There are queries I will want to perform to retrieve a subset of nodes that have label ForumUser.
And for other queries, other subsets of other labels.

From my understanding, specifying the label in the query will already reduce the range of nodes to be considered because the label defines an anchoring point.

But for the search within a specific label, would I have a performance penalty for having a global my_id for all nodes and indexing it with label User?
I ask this because such a solution would allow me to express queries more simply.

Or would I get better performance by using a label_X_id for indexing each label X at the expense of having more indices?

Thank you for your time.

Hello @mcbr and welcome to the Neo4j community :slight_smile:

  • You can use your global ID and put a UNIQUE CONSTRAINT on it.
  • You don't need to put a group ID for each label, indeed, you can use the Label if you want to do some restrictions.
  • After, if you want to search for something, for example a text or another propery, you can use search index.

Regards,
Cobra

Thanks for the information.

So for example, lets imagine I go with a global id called my_id for all entities (they all have the label User) and created a UNIQUE CONSTRAINT like this:

CREATE CONSTRAINT global_id_constraint
ON (user:User) ASSERT user.my_id IS UNIQUE

This way I have a global ID field for users, no matter the labels they have.
From what I understand, this constraint also creates a single-property index for my_id.

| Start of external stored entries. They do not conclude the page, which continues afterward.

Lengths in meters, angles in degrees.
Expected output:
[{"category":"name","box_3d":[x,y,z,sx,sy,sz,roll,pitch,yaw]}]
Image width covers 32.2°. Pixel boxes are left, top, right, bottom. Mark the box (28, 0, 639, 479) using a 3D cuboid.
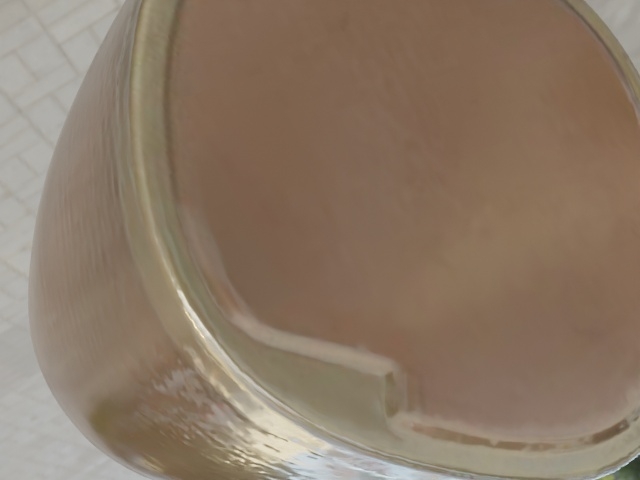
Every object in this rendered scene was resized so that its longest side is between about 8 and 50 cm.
[{"category":"box","box_3d":[0.000,0.000,0.546,0.301,0.301,0.216,-21,173,-40]}]
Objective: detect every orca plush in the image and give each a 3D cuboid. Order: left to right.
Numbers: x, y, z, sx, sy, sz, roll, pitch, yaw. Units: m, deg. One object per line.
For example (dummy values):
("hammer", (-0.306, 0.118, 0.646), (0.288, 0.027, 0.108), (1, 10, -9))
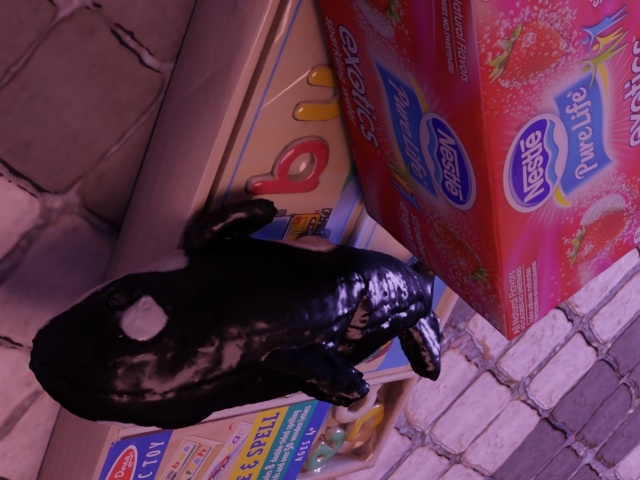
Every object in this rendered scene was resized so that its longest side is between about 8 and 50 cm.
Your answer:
("orca plush", (-0.011, 0.070, 0.673), (0.287, 0.102, 0.151), (13, 115, -50))

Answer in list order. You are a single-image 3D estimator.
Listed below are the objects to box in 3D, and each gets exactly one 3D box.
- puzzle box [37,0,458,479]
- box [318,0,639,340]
("puzzle box", (0.000, 0.000, 0.750), (0.272, 0.052, 0.408), (-5, 128, -42))
("box", (0.087, -0.088, 0.599), (0.123, 0.128, 0.257), (-35, 143, -15))
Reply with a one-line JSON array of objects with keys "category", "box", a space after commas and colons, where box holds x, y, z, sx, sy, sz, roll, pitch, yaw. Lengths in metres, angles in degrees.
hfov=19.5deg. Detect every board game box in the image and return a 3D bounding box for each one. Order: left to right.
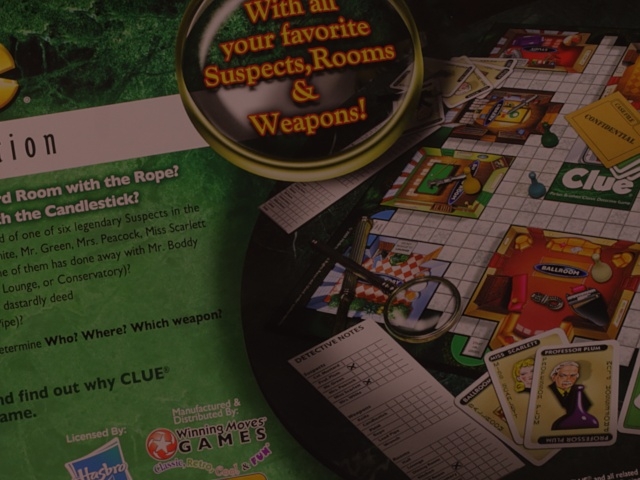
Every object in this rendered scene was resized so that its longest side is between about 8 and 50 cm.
[{"category": "board game box", "box": [0.000, 0.000, 0.403, 0.260, 0.030, 0.136, -8, -95, -4]}]
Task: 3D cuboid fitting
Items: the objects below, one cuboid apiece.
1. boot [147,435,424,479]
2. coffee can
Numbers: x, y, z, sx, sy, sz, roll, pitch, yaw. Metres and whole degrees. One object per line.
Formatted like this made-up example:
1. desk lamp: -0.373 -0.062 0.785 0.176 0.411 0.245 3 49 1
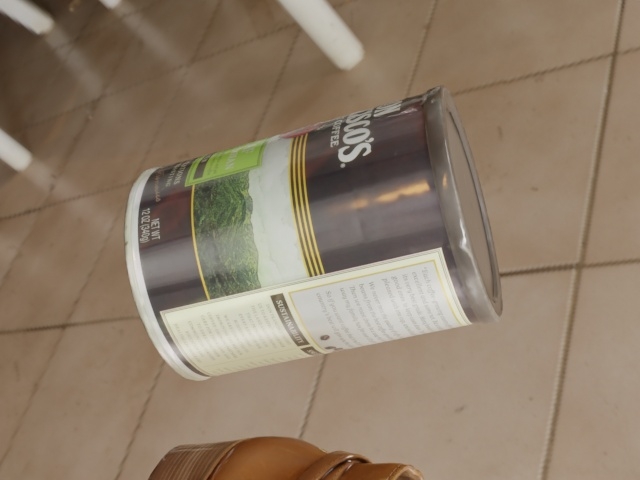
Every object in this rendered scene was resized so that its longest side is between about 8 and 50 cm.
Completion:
1. boot: -0.054 0.256 0.546 0.220 0.109 0.283 -8 43 40
2. coffee can: 0.000 0.000 0.764 0.275 0.201 0.201 -14 45 16
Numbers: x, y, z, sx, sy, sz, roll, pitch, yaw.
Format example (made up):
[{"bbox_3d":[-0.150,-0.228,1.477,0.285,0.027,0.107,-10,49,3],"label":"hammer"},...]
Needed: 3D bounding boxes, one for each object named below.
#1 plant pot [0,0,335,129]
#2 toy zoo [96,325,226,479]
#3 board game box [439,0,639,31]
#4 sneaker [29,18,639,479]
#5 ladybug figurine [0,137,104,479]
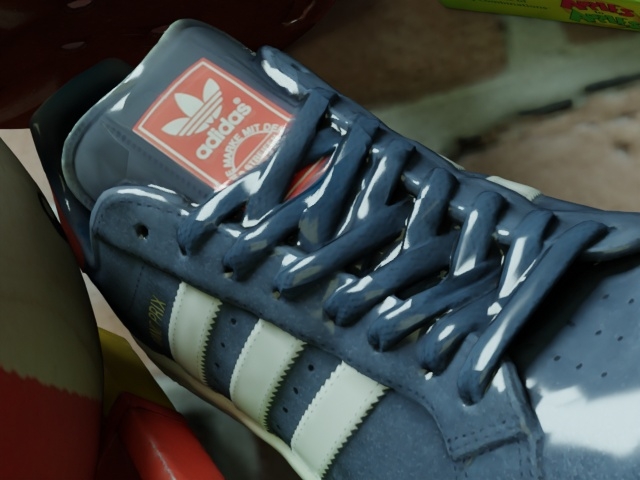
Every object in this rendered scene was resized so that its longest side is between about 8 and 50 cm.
[{"bbox_3d":[-0.119,-0.207,0.555,0.272,0.272,0.265,-22,79,20],"label":"plant pot"},{"bbox_3d":[-0.108,0.149,0.494,0.192,0.030,0.293,-61,28,4],"label":"toy zoo"},{"bbox_3d":[0.138,-0.136,0.522,0.181,0.043,0.092,14,84,27],"label":"board game box"},{"bbox_3d":[0.000,0.000,0.419,0.131,0.148,0.350,-47,30,-23],"label":"sneaker"},{"bbox_3d":[-0.203,0.152,0.441,0.305,0.162,0.449,2,69,60],"label":"ladybug figurine"}]
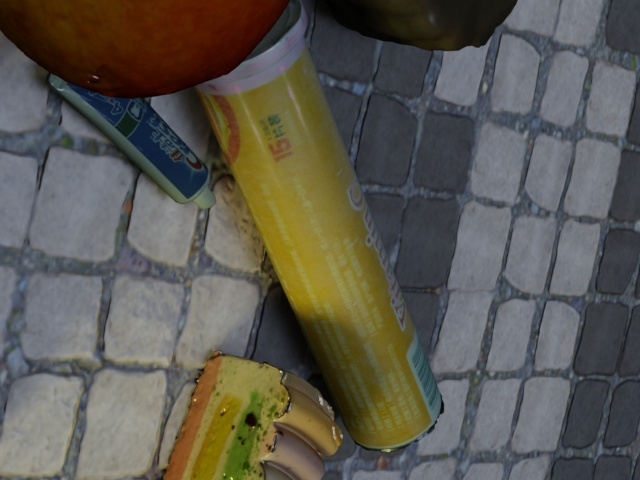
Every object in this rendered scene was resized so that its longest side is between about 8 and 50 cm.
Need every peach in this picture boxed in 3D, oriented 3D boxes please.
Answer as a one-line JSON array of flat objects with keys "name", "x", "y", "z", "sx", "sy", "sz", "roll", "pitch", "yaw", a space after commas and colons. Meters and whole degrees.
[{"name": "peach", "x": -0.127, "y": -0.218, "z": 1.082, "sx": 0.281, "sy": 0.238, "sz": 0.281, "roll": 8, "pitch": 90, "yaw": -68}]

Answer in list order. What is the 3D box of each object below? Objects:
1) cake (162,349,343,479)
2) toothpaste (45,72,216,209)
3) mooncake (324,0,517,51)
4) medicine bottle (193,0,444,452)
[{"name": "cake", "x": -0.067, "y": 0.209, "z": 1.379, "sx": 0.090, "sy": 0.109, "sz": 0.225, "roll": 27, "pitch": 81, "yaw": -49}, {"name": "toothpaste", "x": -0.135, "y": -0.081, "z": 1.272, "sx": 0.197, "sy": 0.035, "sz": 0.057, "roll": 47, "pitch": 51, "yaw": -43}, {"name": "mooncake", "x": 0.082, "y": -0.268, "z": 1.388, "sx": 0.228, "sy": 0.124, "sz": 0.228, "roll": -11, "pitch": 105, "yaw": -48}, {"name": "medicine bottle", "x": 0.000, "y": 0.000, "z": 1.392, "sx": 0.108, "sy": 0.108, "sz": 0.426, "roll": -46, "pitch": 132, "yaw": -29}]
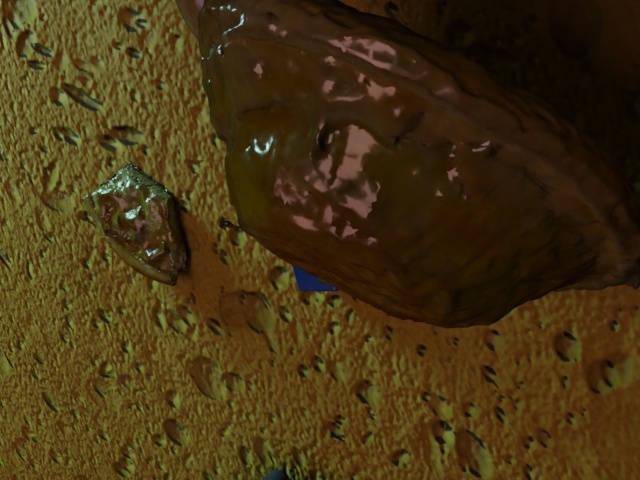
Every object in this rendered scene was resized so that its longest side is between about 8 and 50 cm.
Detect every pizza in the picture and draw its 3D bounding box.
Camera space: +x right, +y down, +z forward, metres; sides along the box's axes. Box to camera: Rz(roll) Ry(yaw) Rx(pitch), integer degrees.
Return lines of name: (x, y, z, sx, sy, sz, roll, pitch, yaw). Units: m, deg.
pizza: (-0.188, -0.019, 1.116, 0.160, 0.036, 0.099, 38, 131, 29)

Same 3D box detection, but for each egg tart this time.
egg tart: (0.044, -0.028, 0.672, 0.319, 0.319, 0.128, 23, 82, 39)

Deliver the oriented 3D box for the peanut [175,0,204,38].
peanut: (-0.095, -0.238, 0.880, 0.214, 0.099, 0.099, 57, 138, 4)

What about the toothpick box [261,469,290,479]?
toothpick box: (-0.100, 0.356, 1.080, 0.229, 0.229, 0.316, 53, 135, 16)

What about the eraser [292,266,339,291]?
eraser: (0.000, 0.000, 0.931, 0.063, 0.027, 0.084, -3, 105, 49)
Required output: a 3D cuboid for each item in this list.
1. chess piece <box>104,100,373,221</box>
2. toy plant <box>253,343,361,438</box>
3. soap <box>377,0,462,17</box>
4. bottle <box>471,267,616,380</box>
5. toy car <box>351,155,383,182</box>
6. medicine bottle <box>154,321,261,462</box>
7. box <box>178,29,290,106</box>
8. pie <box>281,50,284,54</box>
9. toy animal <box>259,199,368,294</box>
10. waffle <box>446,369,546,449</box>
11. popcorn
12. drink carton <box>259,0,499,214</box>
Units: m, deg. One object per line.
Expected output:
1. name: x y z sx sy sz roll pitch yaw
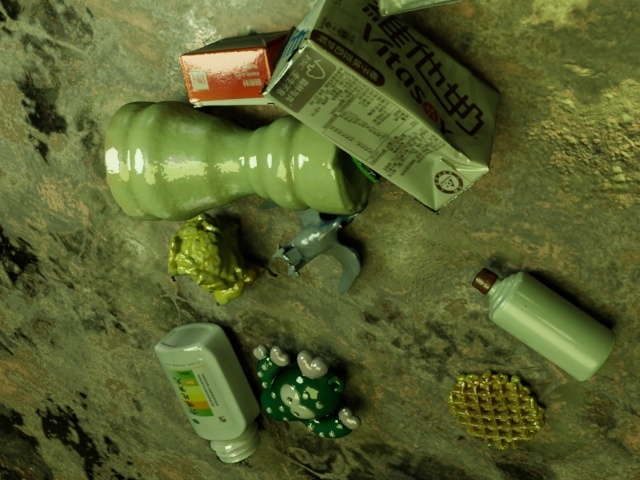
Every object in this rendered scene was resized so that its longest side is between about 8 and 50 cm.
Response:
1. chess piece: -0.135 -0.138 1.386 0.443 0.234 0.233 3 120 22
2. toy plant: -0.034 0.322 1.672 0.243 0.112 0.232 2 125 35
3. soap: 0.172 -0.462 1.042 0.258 0.159 0.302 -1 117 33
4. bottle: 0.367 0.129 1.328 0.245 0.104 0.104 35 130 6
5. toy car: 0.098 -0.155 1.265 0.071 0.165 0.062 47 136 -11
6. medicine bottle: -0.245 0.352 1.806 0.179 0.124 0.324 -6 116 33
7. box: -0.123 -0.289 1.326 0.182 0.133 0.099 2 118 28
8. pie: 0.027 -0.252 1.263 0.191 0.088 0.033 32 94 -32
9. toy animal: 0.000 0.000 1.478 0.239 0.176 0.255 55 163 -6
10. waffle: 0.336 0.326 1.512 0.191 0.038 0.191 14 125 21
11. popcorn: -0.206 0.044 1.567 0.174 0.168 0.195 -31 116 2
12. drink carton: 0.098 -0.216 1.147 0.325 0.194 0.132 33 137 -16
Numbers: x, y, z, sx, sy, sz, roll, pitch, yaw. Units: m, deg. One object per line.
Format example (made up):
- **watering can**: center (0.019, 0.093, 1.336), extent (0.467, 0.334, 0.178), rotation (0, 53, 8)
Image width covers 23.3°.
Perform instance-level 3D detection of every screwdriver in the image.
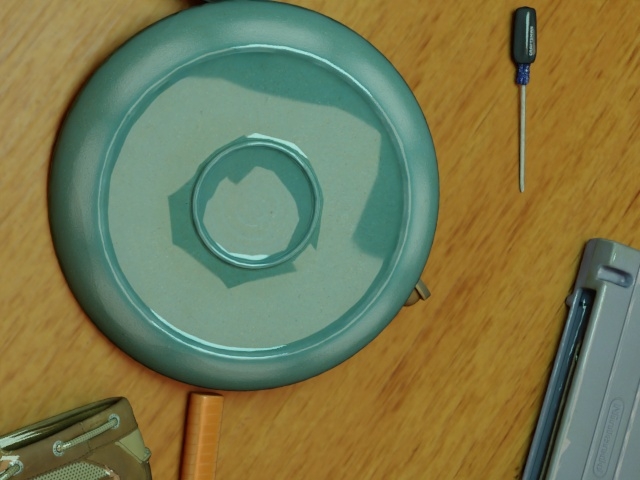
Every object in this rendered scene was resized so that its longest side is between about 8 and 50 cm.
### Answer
- **screwdriver**: center (0.184, -0.128, 1.417), extent (0.025, 0.024, 0.170), rotation (-6, 100, -58)

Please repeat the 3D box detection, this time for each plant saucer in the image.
- **plant saucer**: center (-0.053, -0.030, 1.226), extent (0.318, 0.044, 0.317), rotation (-2, 99, -12)

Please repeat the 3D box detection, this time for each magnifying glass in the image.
- **magnifying glass**: center (-0.107, 0.241, 1.283), extent (0.092, 0.026, 0.231), rotation (6, 92, -29)

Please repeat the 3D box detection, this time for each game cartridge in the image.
- **game cartridge**: center (0.304, 0.198, 1.488), extent (0.230, 0.068, 0.355), rotation (20, 84, -33)

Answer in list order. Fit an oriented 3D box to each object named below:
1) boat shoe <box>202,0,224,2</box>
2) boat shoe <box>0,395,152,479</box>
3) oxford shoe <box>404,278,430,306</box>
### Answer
- **boat shoe**: center (-0.012, -0.331, 1.214), extent (0.095, 0.112, 0.335), rotation (28, 103, -44)
- **boat shoe**: center (-0.271, 0.184, 1.141), extent (0.324, 0.122, 0.120), rotation (-9, 93, -37)
- **oxford shoe**: center (0.000, 0.000, 1.302), extent (0.212, 0.076, 0.076), rotation (36, 87, -17)
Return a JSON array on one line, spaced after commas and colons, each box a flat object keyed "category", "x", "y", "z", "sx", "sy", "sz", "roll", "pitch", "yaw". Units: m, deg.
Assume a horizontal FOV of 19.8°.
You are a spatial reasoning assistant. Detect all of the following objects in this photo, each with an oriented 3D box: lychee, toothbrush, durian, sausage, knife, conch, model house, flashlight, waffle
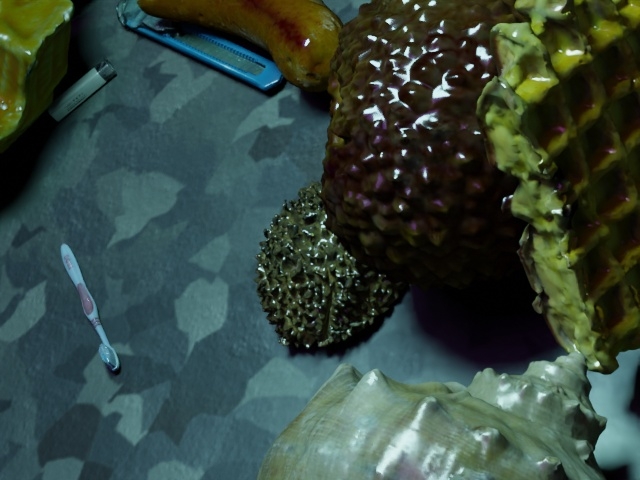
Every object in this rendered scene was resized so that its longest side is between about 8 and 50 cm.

So now for example, if I create a full text index over the field full_name that all nodes with label User have, I could do:

CALL db.index.fulltext.createNodeIndex("nameTextIndex",["User"],["full_name"])

If I wanted to do a text query only on nodes that have label SubForum1User, would it be efficient with that nameTextIndex which was only defined for label User and the single global ID my_id?

Would the query planner be smart enough to still use the nameTextIndex efficiently even though we are anchoring to another label SubForum1User (remember that the nodes of SubForum1User also have label User)?

Thanks again.

This way I have a global ID field for users, no matter the labels they have.
From what I understand, this constraint also creates a single-property index for my_id .

Yes, you have a global ID for all users but you must specify the property that must be unique, it can be an id or something else, but this id must be already in your data. And of course, it will be a property so you will can still use it to do what you want.

If you look here, you can define a global search index (you put all your labels for example) and after when you call it, you only specify the label and the property you need to search on :slight_smile: